Après le succès de Jeune et innocent en 1937, Alfred Hitchcock, au sommet de son art en Grande-Bretagne, commence à jouir d’une grande réputation outre-Atlantique et s’apprête à conclure la décennie des années 1930 avec un thriller d’espionnage qui n’est pas sans faire penser au cadre et à l’atmosphère de l’une des œuvres majeures d’Agatha Christie, Le Crime de l’Orient-Express, publié seulement 4 ans plus tôt.
Ce rapprochement est toutefois à nuancer. Là où Agatha Christie s’inspire d’une affaire médiatique de kidnapping, Alfred Hitchcock déroule son récit à la lumière de la menace nazie grandissante, un an avant le déclenchement de la Seconde Guerre mondiale. Attribuer le rôle des méchants de ses films aux représentants de cette idéologie ténébreuse n’est pas chose nouvelle dans la filmographie du cinéaste, qui a commencé cette pratique dénonciatrice dès 1933, avec L’Homme qui en savait trop.
Au départ, ce projet cinématographique n’était pas confié au maître du suspense, mais à Roy William Neil, producteur à la Gainsborough Pictures, contraint de laisser sa place après une blessure durant les premiers jours de tournage et un incident diplomatique avec la Yougoslavie relatif au traitement négatif des autorités du pays dans le script du film. Hitchcock arrive et remanie l’équipe du film, puis modifie le scénario en y ajoutant un ton léger et comique, qu’il mélange au genre dramatique de l’intrigue initiale. Il invente un nouveau pays, la Bandrika, et change quelques éléments scénaristiques.

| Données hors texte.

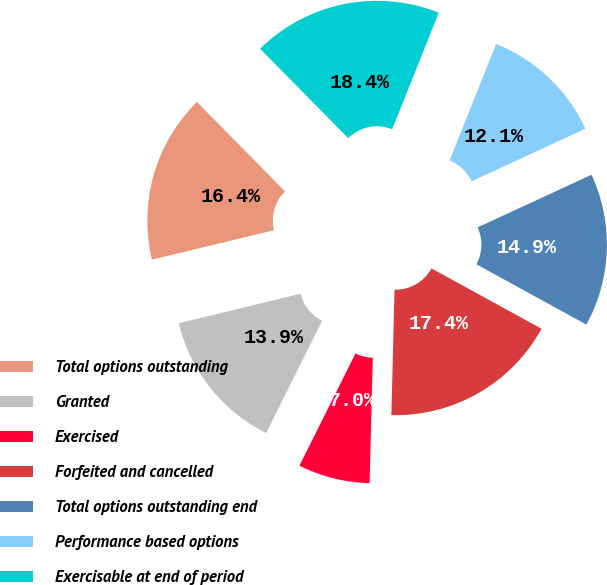<chart> <loc_0><loc_0><loc_500><loc_500><pie_chart><fcel>Total options outstanding<fcel>Granted<fcel>Exercised<fcel>Forfeited and cancelled<fcel>Total options outstanding end<fcel>Performance based options<fcel>Exercisable at end of period<nl><fcel>16.39%<fcel>13.85%<fcel>6.97%<fcel>17.42%<fcel>14.87%<fcel>12.06%<fcel>18.44%<nl></chart> 
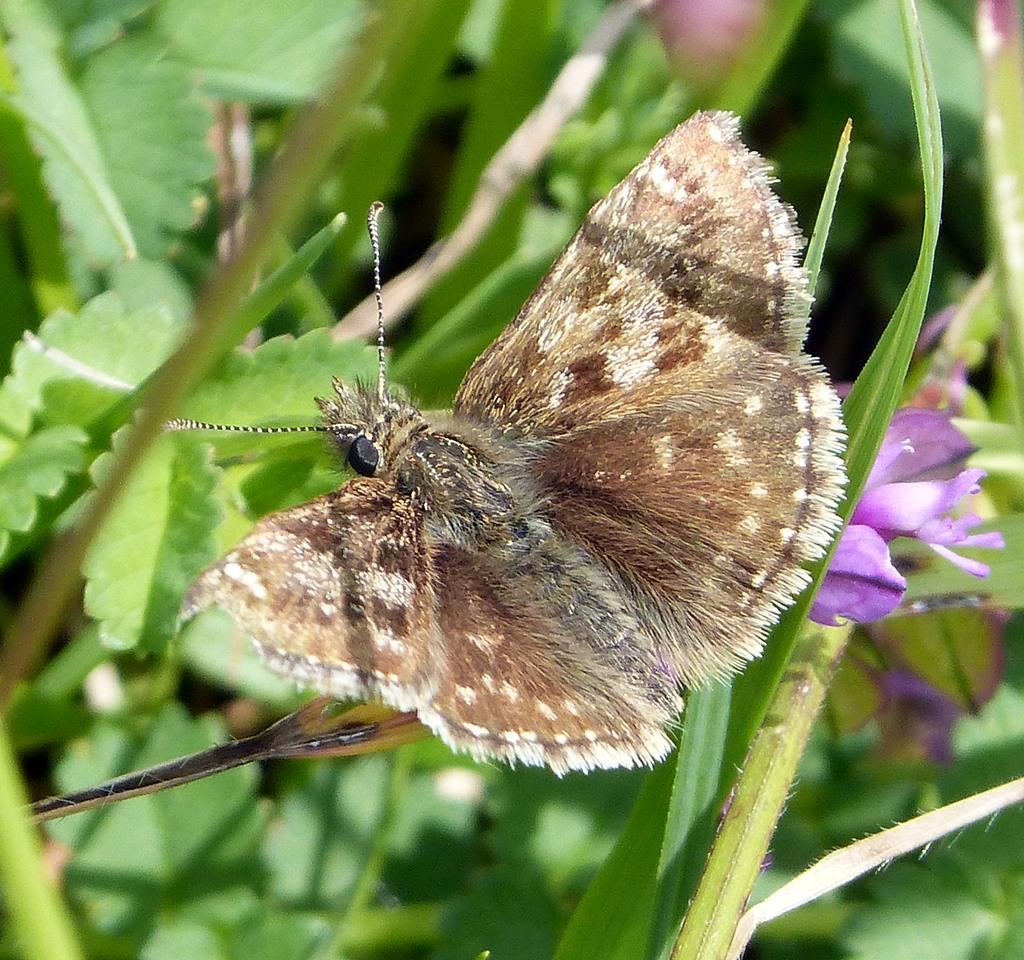What is the main subject of the picture? The main subject of the picture is a butterfly. What can be seen in the background of the picture? There are plants and flowers in the background of the picture. How thick is the fog in the image? There is no fog present in the image; it features a butterfly and plants in the background. What type of locket is hanging from the butterfly's antennae in the image? There is no locket present in the image; it only features a butterfly and plants in the background.

Ce nouveau long-métrage, basé sur le scénario du roman « The Wheel Spins », se tient presque à huit clos, dans la mesure où les décors varient peu. Dans une première partie au ton presque intégralement comique et proche du vaudeville, introduite par la maquette d’une gare faisant penser à celle de Jeune et innocent, les différents personnages sont présentés et introduits entre les murs d’un hôtel plein à craquer. Dans la seconde, le train en direction des Balkans voit se dérouler l’intrigue principale et dramatique, l’enlèvement de Miss Froy, une vieille dame anglaise en apparence ordinaire. Pour mener l’enquête, une jeune héritière américaine prête à se marier, Iris Mathilda Henderson, et un musicien fantasque et vif d’esprit, Gilbert Redman, s’associent pour interroger les différents témoins. Néanmoins, chacun d’entre eux dispose d’intérêts personnels qui les motivent à ne pas coopérer et qui font d’eux autant de suspects potentiels. Dans cette partie de Cluedo grandeur nature, nos deux détectives en herbe font fonctionner leurs cellules grises et mettent leur réflexion en commun jusqu’à mettre à jour un vaste complot impliquant des agents à la solde d’une autorité faisant penser à celle du régime nazi. A la veille de la Seconde Guerre mondiale et alors que cette idéologie menace l’Europe, Hitchcock stigmatise clairement le pacifisme, dénonce la neutralité et soutient l’entrée en guerre de l’Angleterre contre l’Allemagne. Le passager du train qui agite un mouchoir blanc est tué tandis que les deux amis anglais, représentants de la détermination britannique et longtemps restés indifférents au drame qui se joue dans le train, prennent les armes pour sauver le petit groupe d’une mort certaine.
Pour porter son film à l’écran, Hitchcock fait confiance à deux inconnus : Margaret Lockwood, qui n'a alors que quelques seconds rôles derrière elle, et Michael Redgrave, célèbre au théâtre, qui obtient son premier et plus grand rôle au cinéma. Ce duo crève l’écran, prolongeant celui de Robert Donat et Madeleine Caroll dans Les 39 Marches, dans une même dynamique de séduction.
De l’arrivée mouvementée et comique dans l’hôtel à l’épilogue au registre plus sérieux, le rythme ne faiblit jamais et le spectateur se retrouve coincé dans ce train, emporté dans cette enquête le long des chemins de fer. Dans ces wagons qui se suivent, les apparences sont trompeuses et on se rend compte à quel point le cinéaste a pu s’amuser à perdre le public avec des fausses pistes et des zones d’ombres. Pris au jeu, difficile de cacher son propre plaisir à participer avec le couple de premier plan pour dénouer cette affaire énigmatique.
Quelques mois plus tard, après une dernière production (La Taverne de la Jamaïque), la période anglaise d’Hitchcock s’achève. Celle qui a offert ses premiers succès au réalisateur et qui lui a permis d’améliorer ses techniques cède sa place aux studios Hollywoodiens, qui donneront naissance aux plus grandes réussites hitchcockiennes.